Estrone, estradiol, non-SHBG–bound estradiol, androstenedione, testosterone, DHEA, and DHEA sulfate were all assayed at the Nichols Institute of Quest Diagnostics (San Juan Capistrano, CA). Assays were conducted in up to five batches. The first batch of estrone sulfate was assayed at Dr. Longcope's laboratory at the University of Massachusetts Medical Center (Worcester, MA). The remaining batches were assayed at the Nichols Institute. The first two batches of SHBG and prolactin were assayed in Dr. Longcope's laboratory; the third and fourth batches were assayed in the Reproductive Endocrinology Unit Laboratory at Massachusetts General Hospital (Boston, MA). All batches of progesterone were assayed at the same time at Quest Diagnostics.

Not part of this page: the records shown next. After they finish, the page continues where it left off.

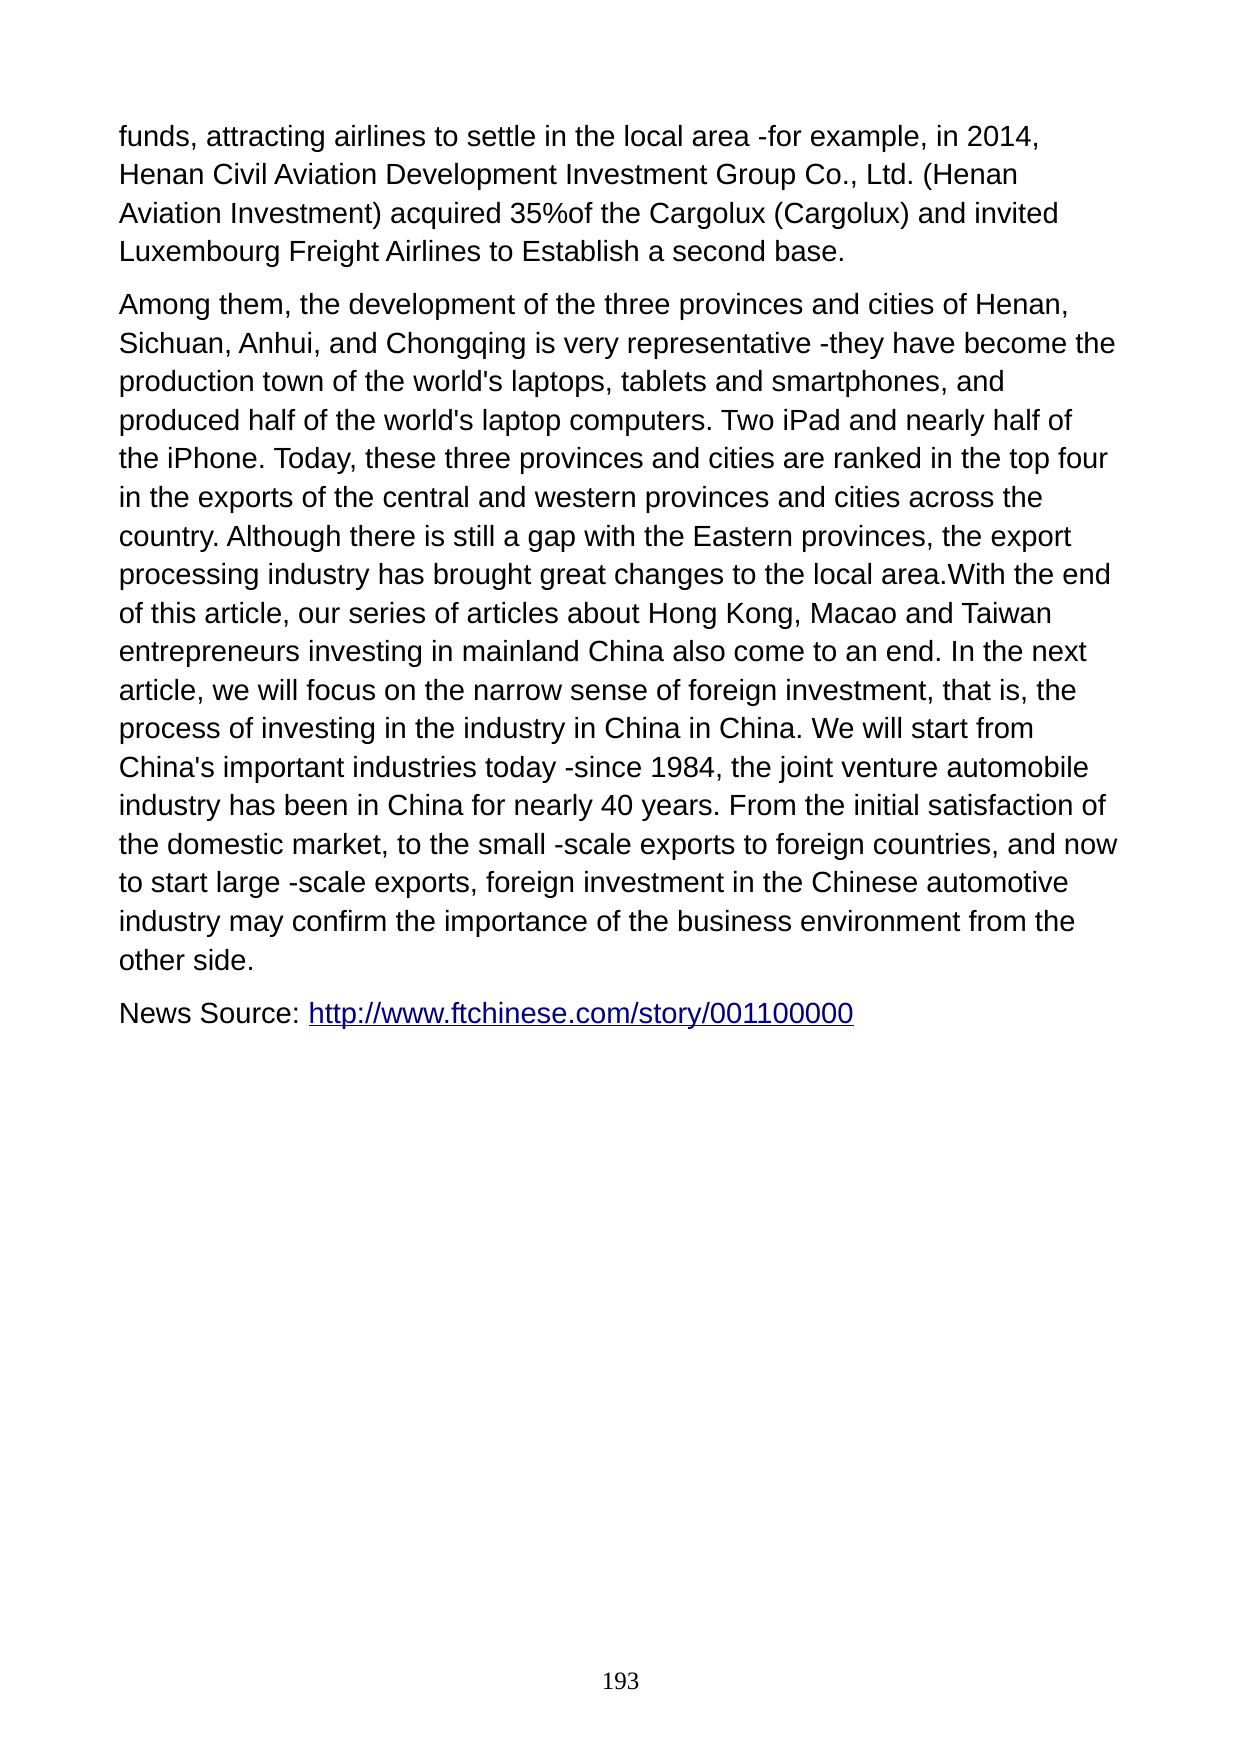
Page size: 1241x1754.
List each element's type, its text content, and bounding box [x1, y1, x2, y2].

text News Source: http://www.ftchinese.com/story/001100000 [118, 996, 1122, 1029]
text funds, attracting airlines to settle in the local area -for example, in 2014, Henan Civil Aviation Development Investment Group Co., Ltd. (Henan Aviation Investment) acquired 35%of the Cargolux (Cargolux) and invited Luxembourg Freight Airlines to Establish a second base. [118, 118, 1122, 268]
text Among them, the development of the three provinces and cities of Henan, Sichuan, Anhui, and Chongqing is very representative -they have become the production town of the world's laptops, tablets and smartphones, and produced half of the world's laptop computers. Two iPad and nearly half of the iPhone. Today, these three provinces and cities are ranked in the top four in the exports of the central and western provinces and cities across the country. Although there is still a gap with the Eastern provinces, the export processing industry has brought great changes to the local area.With the end of this article, our series of articles about Hong Kong, Macao and Taiwan entrepreneurs investing in mainland China also come to an end. In the next article, we will focus on the narrow sense of foreign investment, that is, the process of investing in the industry in China in China. We will start from China's important industries today -since 1984, the joint venture automobile industry has been in China for nearly 40 years. From the initial satisfaction of the domestic market, to the small -scale exports to foreign countries, and now to start large -scale exports, foreign investment in the Chinese automotive industry may confirm the importance of the business environment from the other side. [118, 287, 1122, 976]
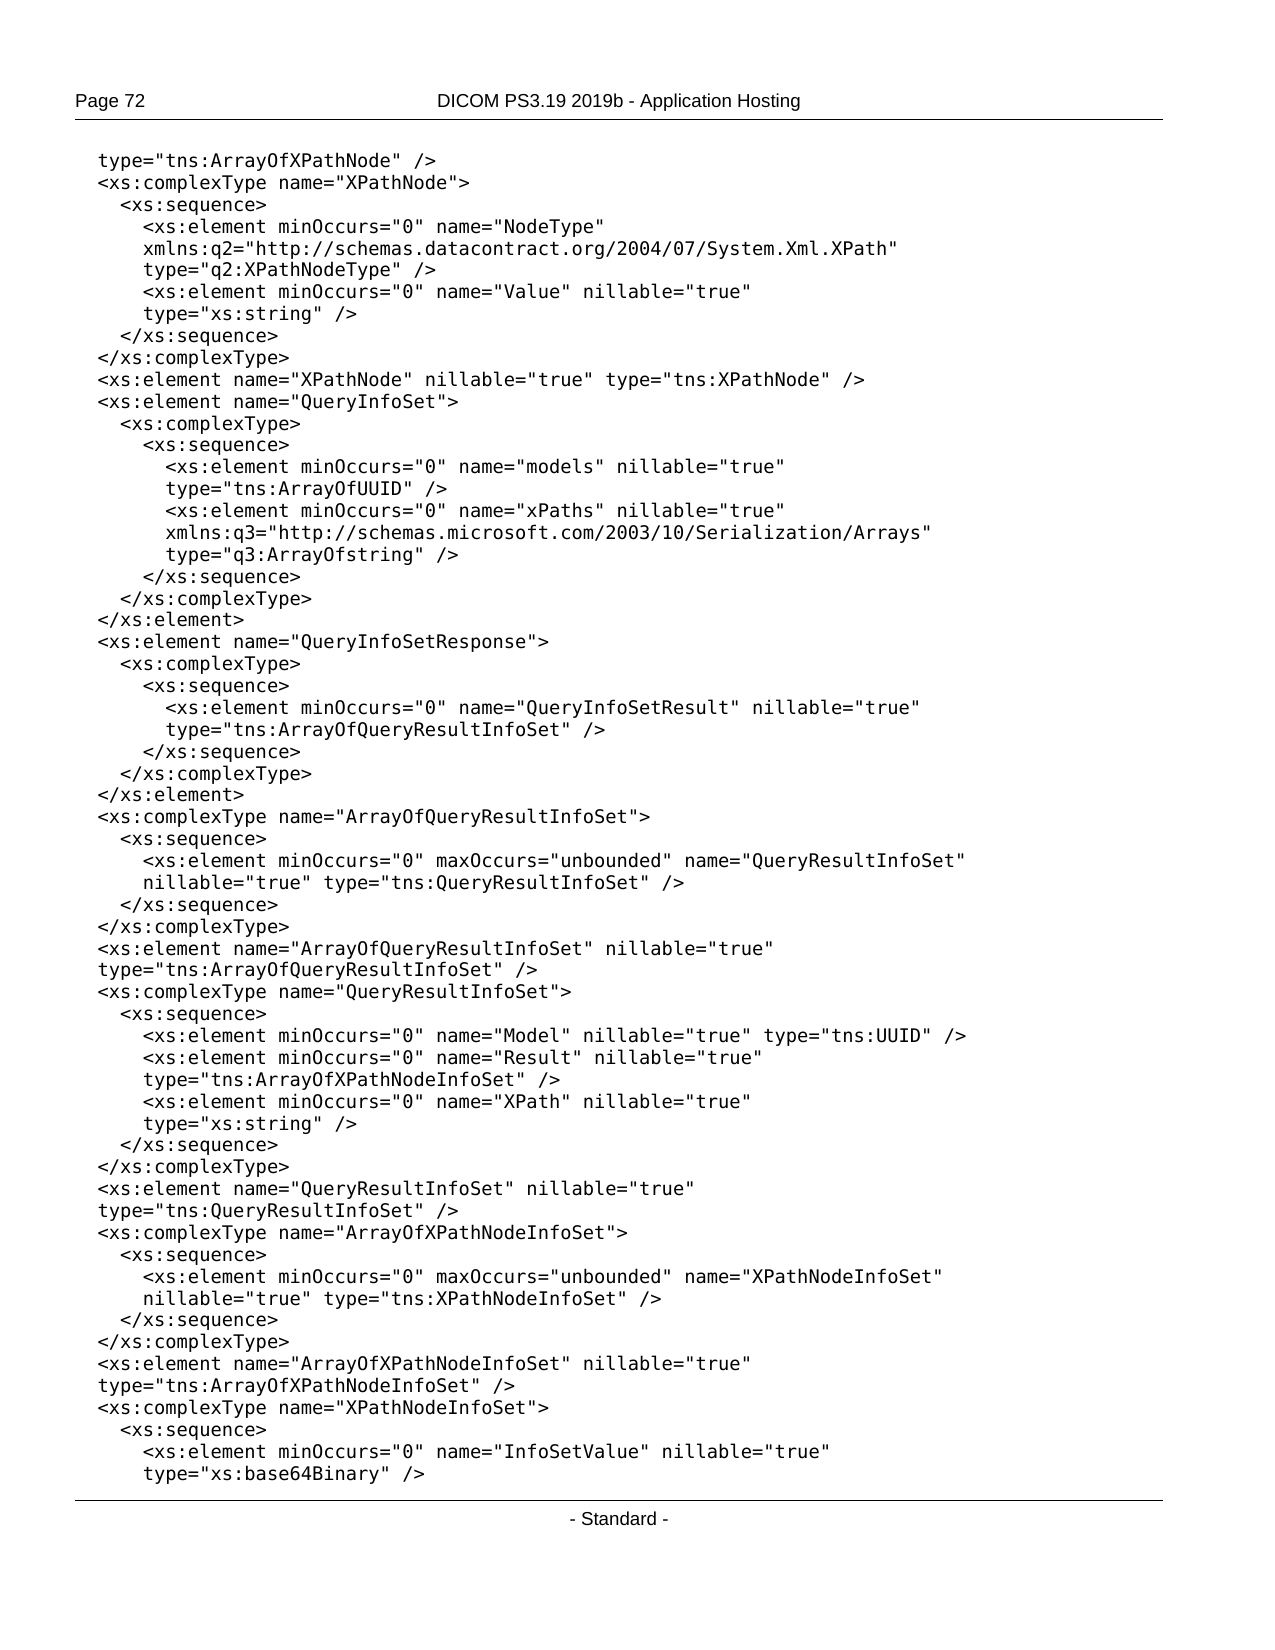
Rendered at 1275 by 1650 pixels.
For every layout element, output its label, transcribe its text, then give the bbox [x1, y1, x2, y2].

text type="tns:ArrayOfXPathNode" /> <xs:complexType name="XPathNode"> <xs:sequence> <xs:element minOccurs="0" name="NodeType" xmlns:q2="http://schemas.datacontract.org/2004/07/System.Xml.XPath" type="q2:XPathNodeType" /> <xs:element minOccurs="0" name="Value" nillable="true" type="xs:string" /> </xs:sequence> </xs:complexType> <xs:element name="XPathNode" nillable="true" type="tns:XPathNode" /> <xs:element name="QueryInfoSet"> <xs:complexType> <xs:sequence> <xs:element minOccurs="0" name="models" nillable="true" type="tns:ArrayOfUUID" /> <xs:element minOccurs="0" name="xPaths" nillable="true" xmlns:q3="http://schemas.microsoft.com/2003/10/Serialization/Arrays" type="q3:ArrayOfstring" /> </xs:sequence> </xs:complexType> </xs:element> <xs:element name="QueryInfoSetResponse"> <xs:complexType> <xs:sequence> <xs:element minOccurs="0" name="QueryInfoSetResult" nillable="true" type="tns:ArrayOfQueryResultInfoSet" /> </xs:sequence> </xs:complexType> </xs:element> <xs:complexType name="ArrayOfQueryResultInfoSet"> <xs:sequence> <xs:element minOccurs="0" maxOccurs="unbounded" name="QueryResultInfoSet" nillable="true" type="tns:QueryResultInfoSet" /> </xs:sequence> </xs:complexType> <xs:element name="ArrayOfQueryResultInfoSet" nillable="true" type="tns:ArrayOfQueryResultInfoSet" /> <xs:complexType name="QueryResultInfoSet"> <xs:sequence> <xs:element minOccurs="0" name="Model" nillable="true" type="tns:UUID" /> <xs:element minOccurs="0" name="Result" nillable="true" type="tns:ArrayOfXPathNodeInfoSet" /> <xs:element minOccurs="0" name="XPath" nillable="true" type="xs:string" /> </xs:sequence> </xs:complexType> <xs:element name="QueryResultInfoSet" nillable="true" type="tns:QueryResultInfoSet" /> <xs:complexType name="ArrayOfXPathNodeInfoSet"> <xs:sequence> <xs:element minOccurs="0" maxOccurs="unbounded" name="XPathNodeInfoSet" nillable="true" type="tns:XPathNodeInfoSet" /> </xs:sequence> </xs:complexType> <xs:element name="ArrayOfXPathNodeInfoSet" nillable="true" type="tns:ArrayOfXPathNodeInfoSet" /> <xs:complexType name="XPathNodeInfoSet"> <xs:sequence> <xs:element minOccurs="0" name="InfoSetValue" nillable="true" type="xs:base64Binary" /> [75, 150, 1162, 1484]

The methods used to assay these hormones have been described in detail (16-18). Briefly, samples were extracted with hexane-ethyl acetate, the steroids were eluted from celite columns, and the fractions were assayed by RIA (19-23). DHEA sulfate was assayed by RIA without a prior separation step. To quantify estrone sulfate levels, unconjugated estrone was first extracted from the plasma and the sulfate bond was enzymatically cleaved from estrone sulfate to release estrone. The estrone was extracted by an organic solvent and subjected to chromatography and RIA (24). Free estradiol was calculated according to the law of mass action described by Sodergard et al. (25). Non-SHBG–bound estradiol was only measured through the 1996 follow-up cycle and was assayed by use of an ammonium sulfate precipitation (25, 26). Prolactin was measured using a microparticle enzyme immunoassay using the IMx system (Abbott Laboratory, Abbott Park, IL) in Dr. Longcope's laboratory and the AxSYM Immunoassay system (Abbott Laboratory) at Massachusetts General Hospital.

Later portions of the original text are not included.